## Dataset records:
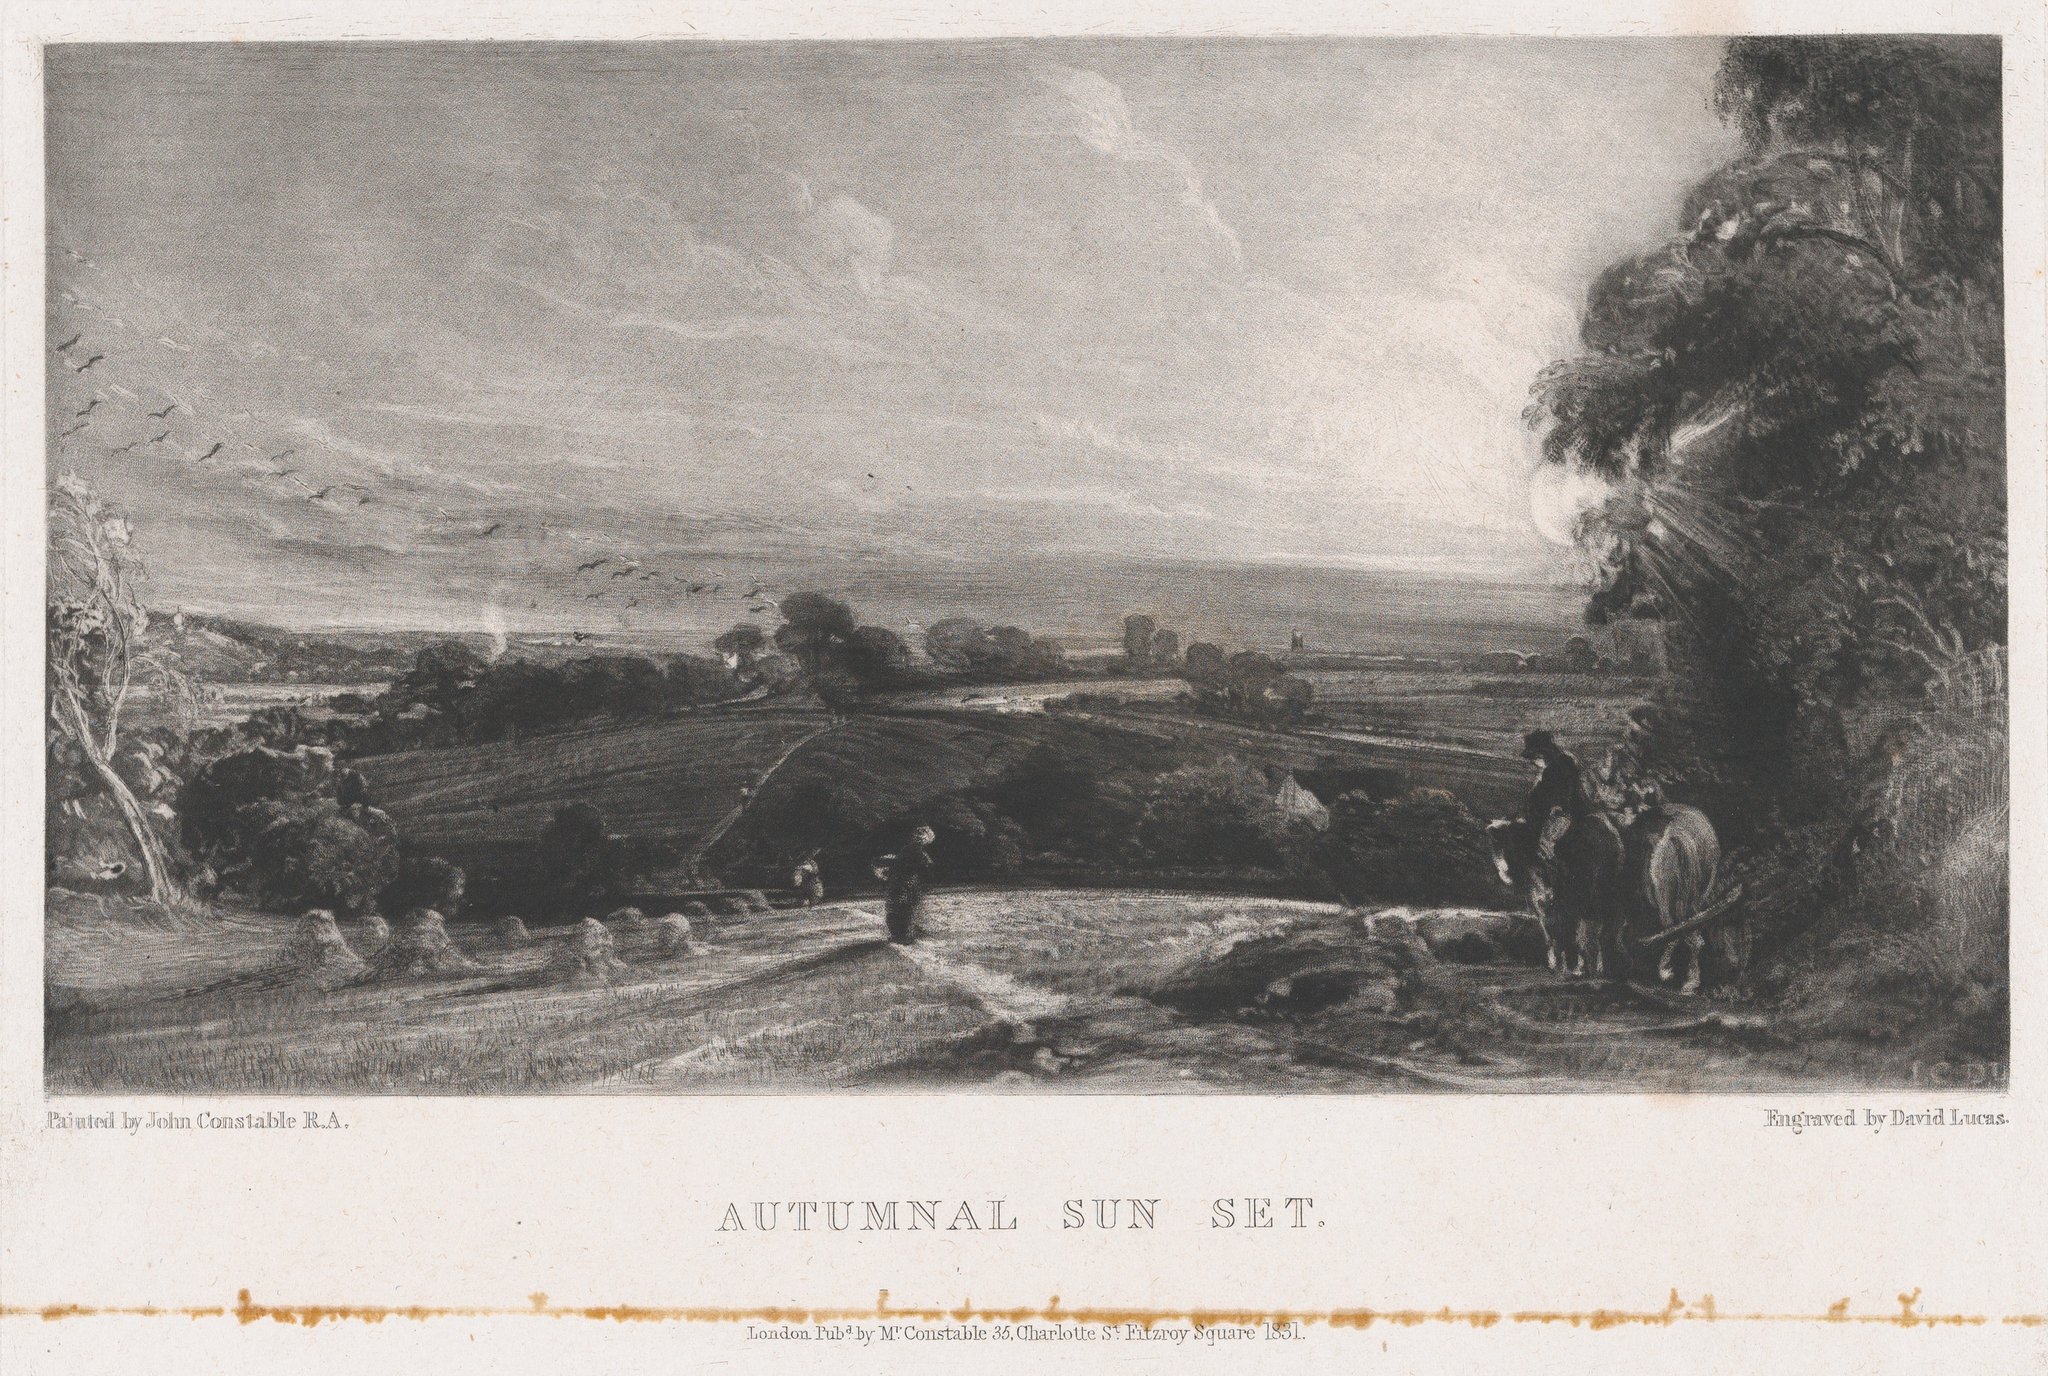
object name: print
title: Autumnal Sunset
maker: david lucas
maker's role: artist
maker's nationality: british
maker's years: 1802-1881
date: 1831
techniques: mezzotint
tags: men,horses,autumn,evening
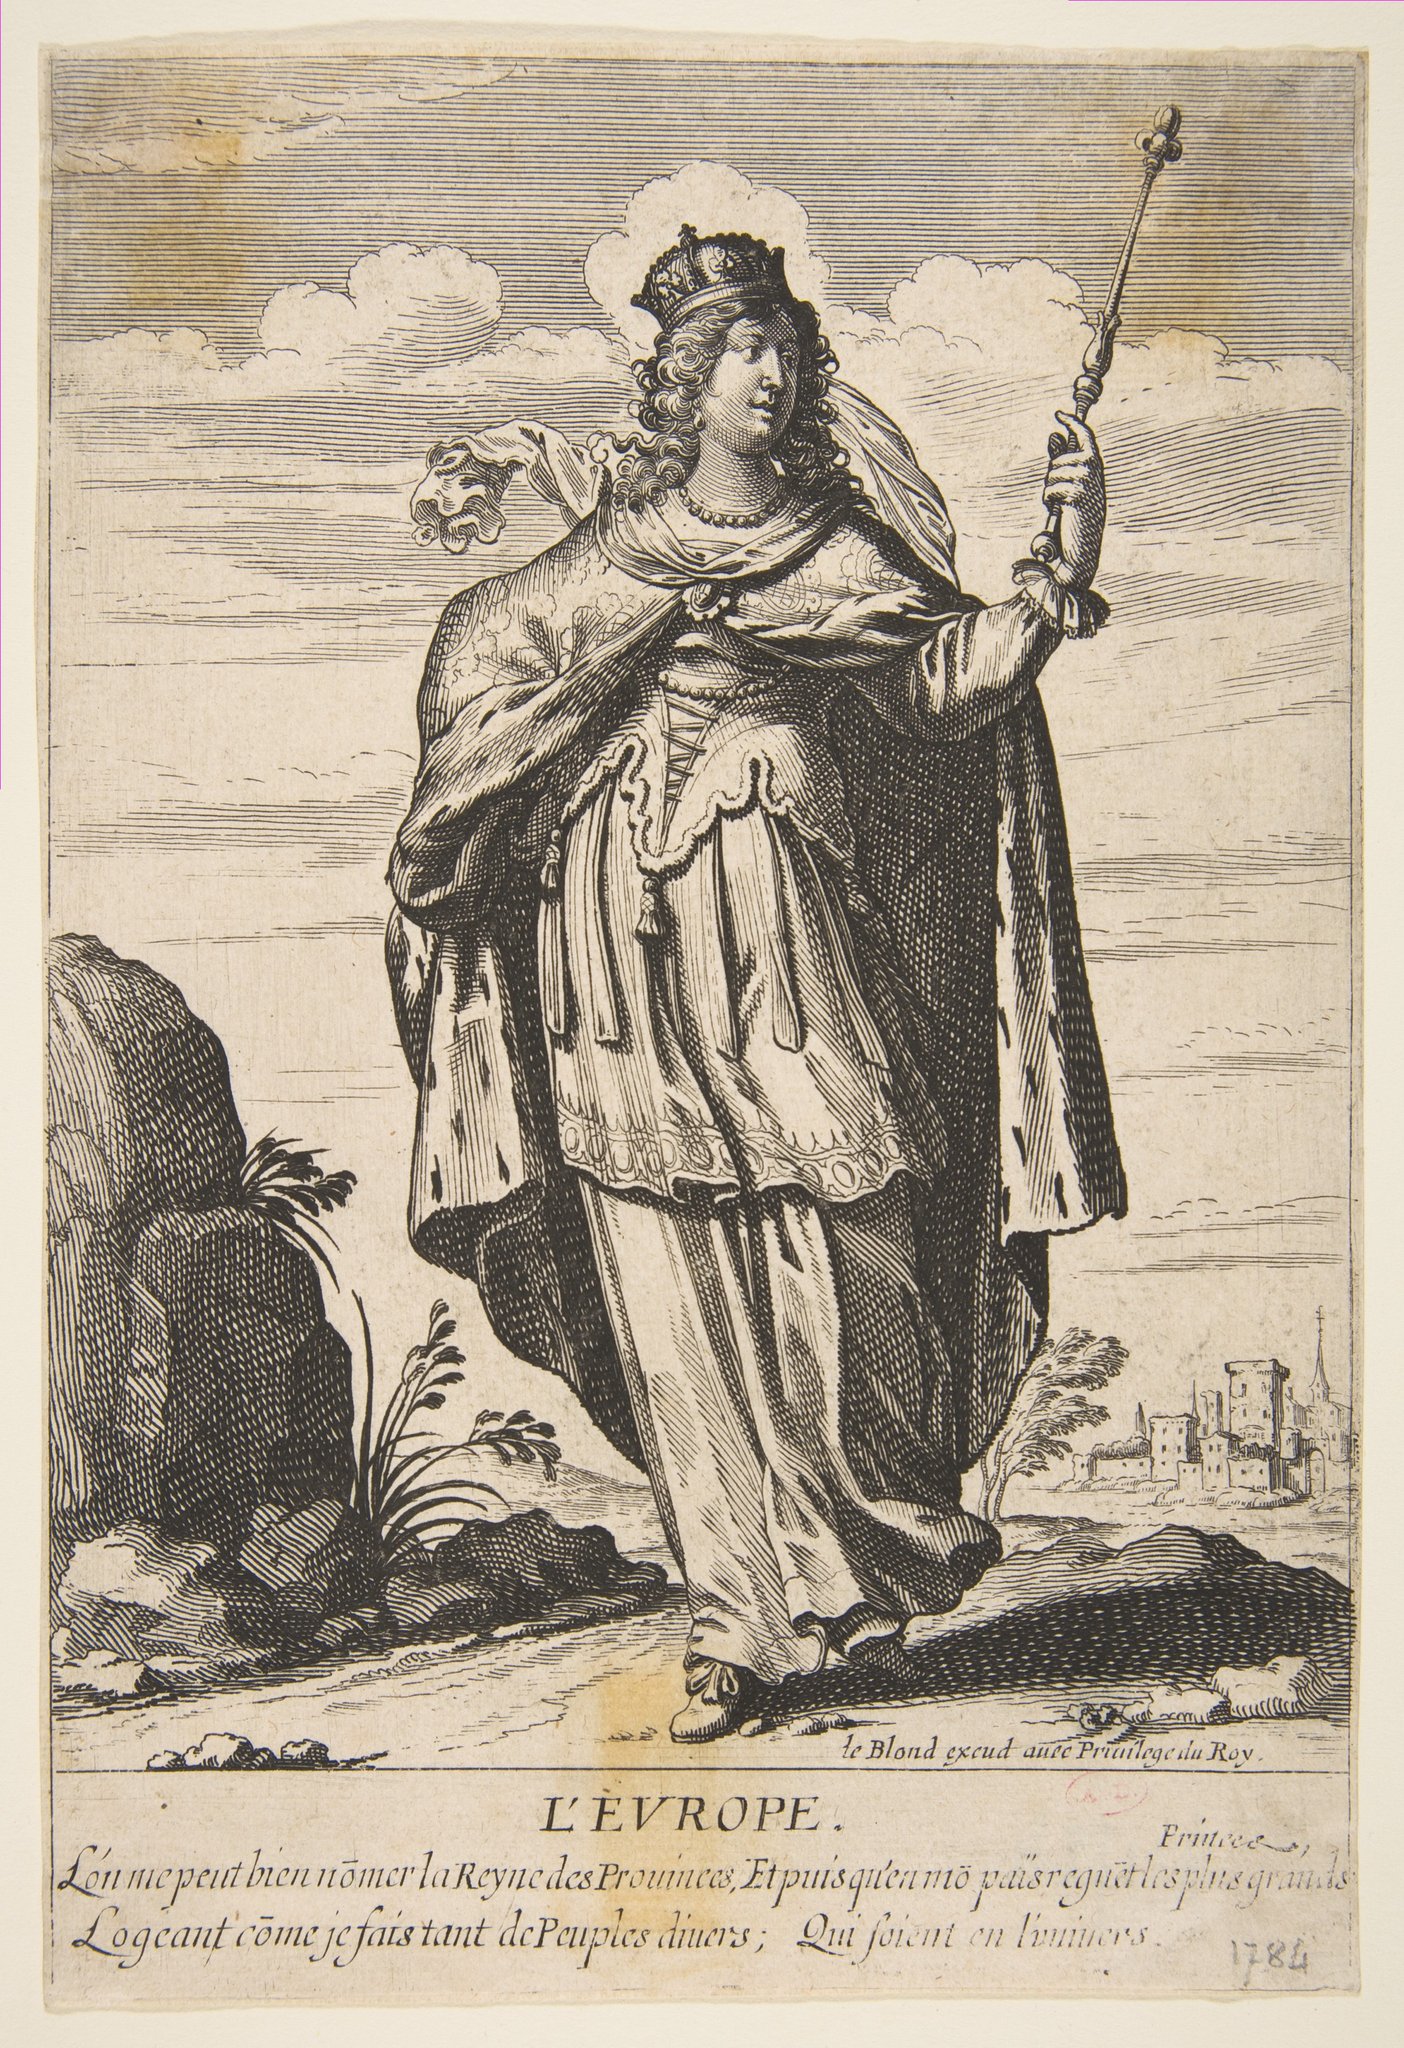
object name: print
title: Allegory of Europe, from "The Four Continents"
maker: abraham bosse
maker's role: artist
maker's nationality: french
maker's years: 1602-1676
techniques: etching
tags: women

## Task instructions:
Please print exactly the lines running from the line with "title: Autumnal Sunset" through the final line of the material, and nothing more. Keep pictures out.

## Answer section:
title: Autumnal Sunset
maker: david lucas
maker's role: artist
maker's nationality: british
maker's years: 1802-1881
date: 1831
techniques: mezzotint
tags: men,horses,autumn,evening
object name: print
title: Allegory of Europe, from "The Four Continents"
maker: abraham bosse
maker's role: artist
maker's nationality: french
maker's years: 1602-1676
techniques: etching
tags: women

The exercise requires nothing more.